Need help for a python script to extract information from a list of files and write into a log file

Hi everyone, I am new to Python and need help to make a script for the task. I am running a modified Autodock program and need to compile the results.

I have a folder that contain hundreds of *.pdbqt files named “compound_1.pdbqt”, “compound_2.pdbqt”, .etc.

Each file have a structure like this:

MODEL 1
REMARK minimizedAffinity -7.11687565
REMARK CNNscore 0.573647082
REMARK CNNaffinity 5.82644749
REMARK  11 active torsions:
#Lots of text here
MODEL 2
REMARK minimizedAffinity -6.61898327
REMARK CNNscore 0.55260396
REMARK CNNaffinity 5.86855984
REMARK  11 active torsions:
#Lots of text here
#Repeat with 10 to 20 models

I want to use a python (using Python 3) script to exact the “MODEL”, “minimizedAffinity”, “CNNscore”, and “CNNaffinity” of each and every compound in the folder into a delimited text file that look like this:

Compound Model minimizedAffinity CNNscore CNNaffinity 
1 1 -7.11687565 0.573647082 5.82644749
1 2 -6.61898327 0.55260396 5.86855984

Currently I am stuck at this script

#! /usr/bin/env python

import sys
import glob

files = glob.glob('**/*.pdbqt', 
                   recursive = True)
for file in files:
    word1 = 'MODEL'
    word2 = 'minimizedAffinity'
    word3 = 'CNNscore'
    word4 = 'CNNaffinity'
    print(file)
    with open(file) as fp:
        # read all lines in a list
        lines = fp.readlines()
        for line in lines:
        # check if string present on a current line
            if line.find(word1) != -1:
                print('Line:', line)
            if line.find(word2) != -1:
                print('Line:', line)
            if line.find(word3) != -1:
                print('Line:', line)
            if line.find(word4) != -1:
                print('Line:', line)

Really appreciate any help.

Thank you very much.

Okay, so what do you imagine are the logical steps required to solve the problem? Where exactly are you getting stuck? It seems like you already tried to write code to find all the files, open each one, look at the lines, and see whether they match certain patterns. Right? Then - what do you suppose is the next step? For example, suppose the code is going through one of the files, and it finds a line that includes the 'MODEL' text. What should happen next?

1 Like

Thank you very much.

What I have in mind is to extract the numerical value after the MODEL or 'minimizedAffinity' or etc strings, also I need to extract the file_name value from file_name.pdbqt, then arrange then into space delimited rows. I don’t know what is the necessary code for these steps… Afterward export all into a text file.

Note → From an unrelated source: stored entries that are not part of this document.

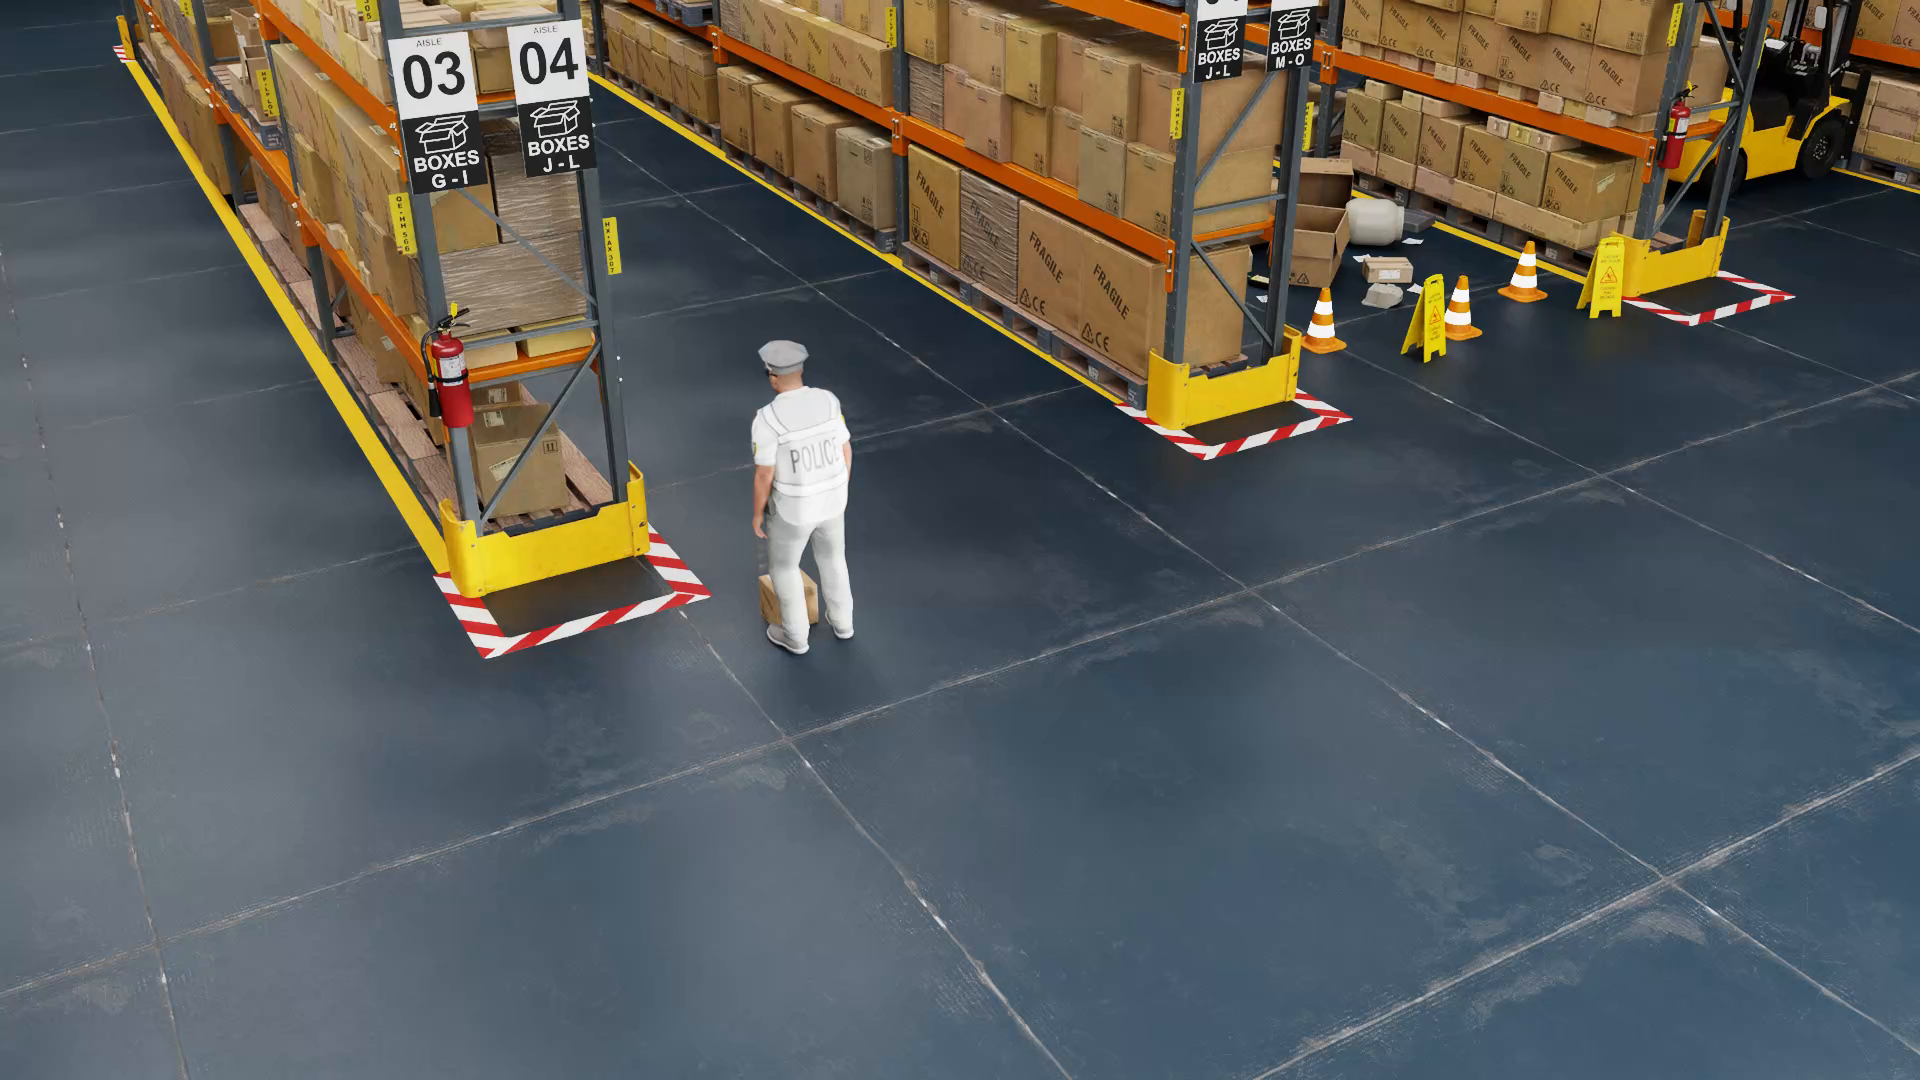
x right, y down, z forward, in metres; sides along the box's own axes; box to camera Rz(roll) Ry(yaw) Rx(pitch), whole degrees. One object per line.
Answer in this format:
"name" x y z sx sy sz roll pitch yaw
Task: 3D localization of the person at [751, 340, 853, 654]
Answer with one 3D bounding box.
"person" -0.835 -0.202 8.924 0.604 1.747 0.437 -18 34 -29
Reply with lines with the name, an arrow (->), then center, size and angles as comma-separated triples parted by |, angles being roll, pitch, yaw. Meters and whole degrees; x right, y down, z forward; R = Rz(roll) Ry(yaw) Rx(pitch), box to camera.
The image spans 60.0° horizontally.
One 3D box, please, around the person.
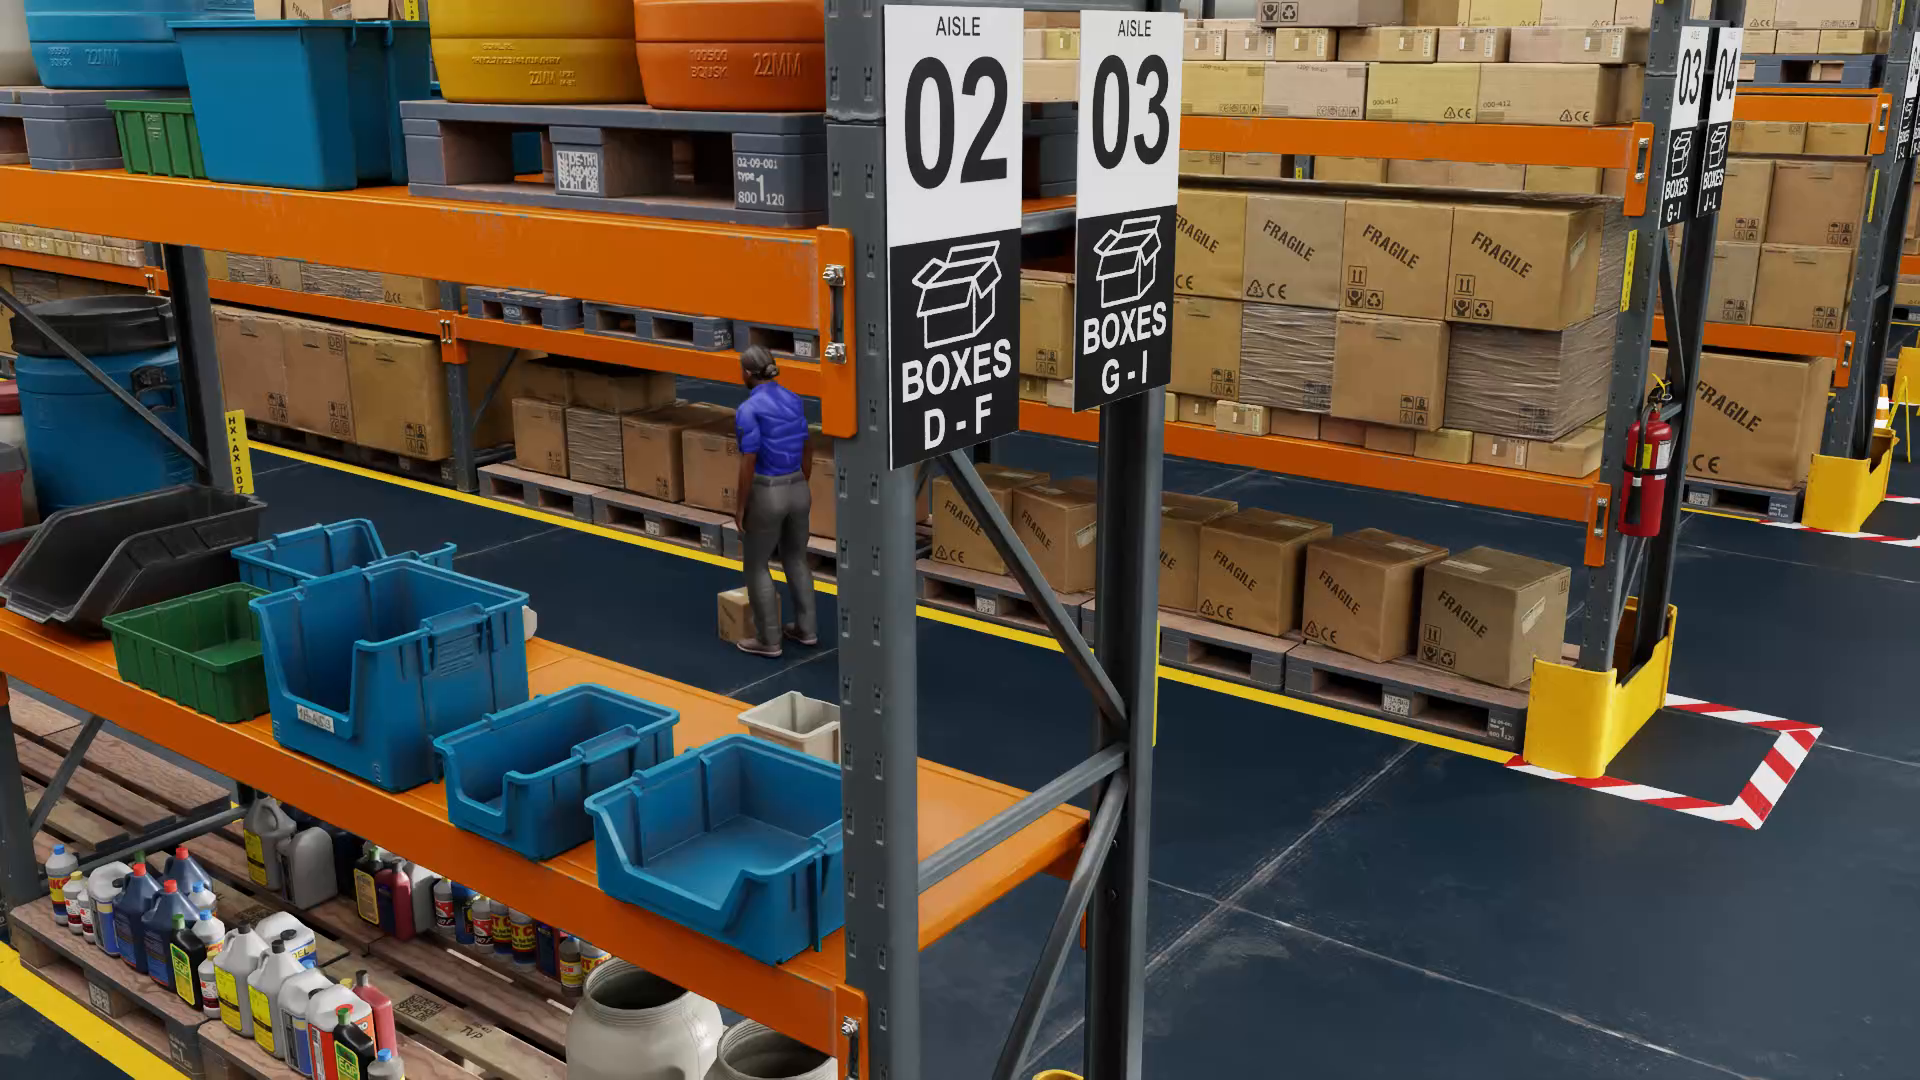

I’d suggest reading the file line by line and using .split to split each of them on whitespace:

>>> line = 'REMARK minimizedAffinity -7.11687565\n' # An example line.
>>> fields = line.split()
>>> print(fields)
['REMARK', 'minimizedAffinity', '-7.11687565']
>>>

Keep track of which values you’ve collected (minimizedAffinity, minimizedAffinity, minimizedAffinity), or just counting them, and when you’ve got all of them (all 3), write another row to the output file.

1 Like

Could be something like this, I guess


import glob

COMPOUND = 'Compound'
MODEL = 'MODEL'
MINIMIZED_AFFINITY = 'minimizedAffinity'
CNN_SCORE = 'CNNscore'
CNN_AFFINITY = 'REMARK CNNaffinity'
REMARK_MINIMIZED_AFFINITY = 'REMARK minimizedAffinity'
REMARK_CNN_AFFINITY = 'REMARK CNNaffinity'
REMARK_SCORE = 'REMARK CNNscore'


def dump_to(outfile, *args):
    """Write to `outfile` the arguments separated by tabs"""
    outfile.write(
        '\t'.join(args)
    )
    outfile.write('\n')


with open('output.txt', 'w', encoding='utf=8') as outfile:
    outfile.write(
        f'{COMPOUND}\t{MODEL}\t{MINIMIZED_AFFINITY}'
        f'\t{CNN_SCORE}\t{CNN_AFFINITY}\n'
    )
    files = glob.glob('./*.pdbqt', recursive=True)
    for file in files:
        compound = file.split('_')[1].split('.')[0]
        print(file)
        with open(file, 'r', encoding='utf-8') as fp:
            model: int | None = None
            minimized_affinity: int | None = None
            cnn_score: int | None = None
            cnn_affinity: int | None = None
            for line in fp:
                line = line.strip()
            # check if string present on a current line
                if line.startswith(REMARK_CNN_AFFINITY):
                    cnn_affinity = line.split(' ')[2]
                elif line.startswith(REMARK_SCORE):
                    cnn_score = line.split(' ')[2]
                elif line.startswith(REMARK_MINIMIZED_AFFINITY):
                    minimized_affinity = line.split(' ')[2]
                elif line.startswith(MODEL):
                    if model is not None:
                        dump_to(
                            outfile,
                            compound,
                            model,
                            minimized_affinity,
                            cnn_score,
                            cnn_affinity
                        )
                    model = line.split(' ')[1]
            dump_to(
                outfile,
                compound,
                model,
                minimized_affinity,
                cnn_score,
                cnn_affinity
            )

1 Like

Thanks for everyone input.

This is the script I have come up with:

import sys
import glob
import re
import os
word1 = 'MODEL'
word2 = 'minimizedAffinity'
word3 = 'CNNscore'
word4 = 'CNNaffinity'
files = glob.glob('**/*.pdbqt', 
                   recursive = True)
print('Compound', 'MODEL' , 'minimizedAffinity', 'CNNscore' ,'CNNaffinity', sep='\t')
for file in files:
    with open(file) as fp:
        # read all lines in a list
        lines = fp.readlines()
        for line in lines:
        # check if string present on a current line
            match1 = re.search('MODEL (.+)', line)
            match2 = re.search('minimizedAffinity (.+)', line)
            match3 = re.search('CNNscore (.+)', line)
            match4 = re.search('CNNaffinity (.+)', line)
            if match1:
                print (os.path.splitext(file)[0], end='\t')
                print (match1.group(1), end='\t')
            if match2:
                print (match2.group(1), end='\t')
            if match3:
                print (match3.group(1), end='\t')
            if match4:
                print (match4.group(1))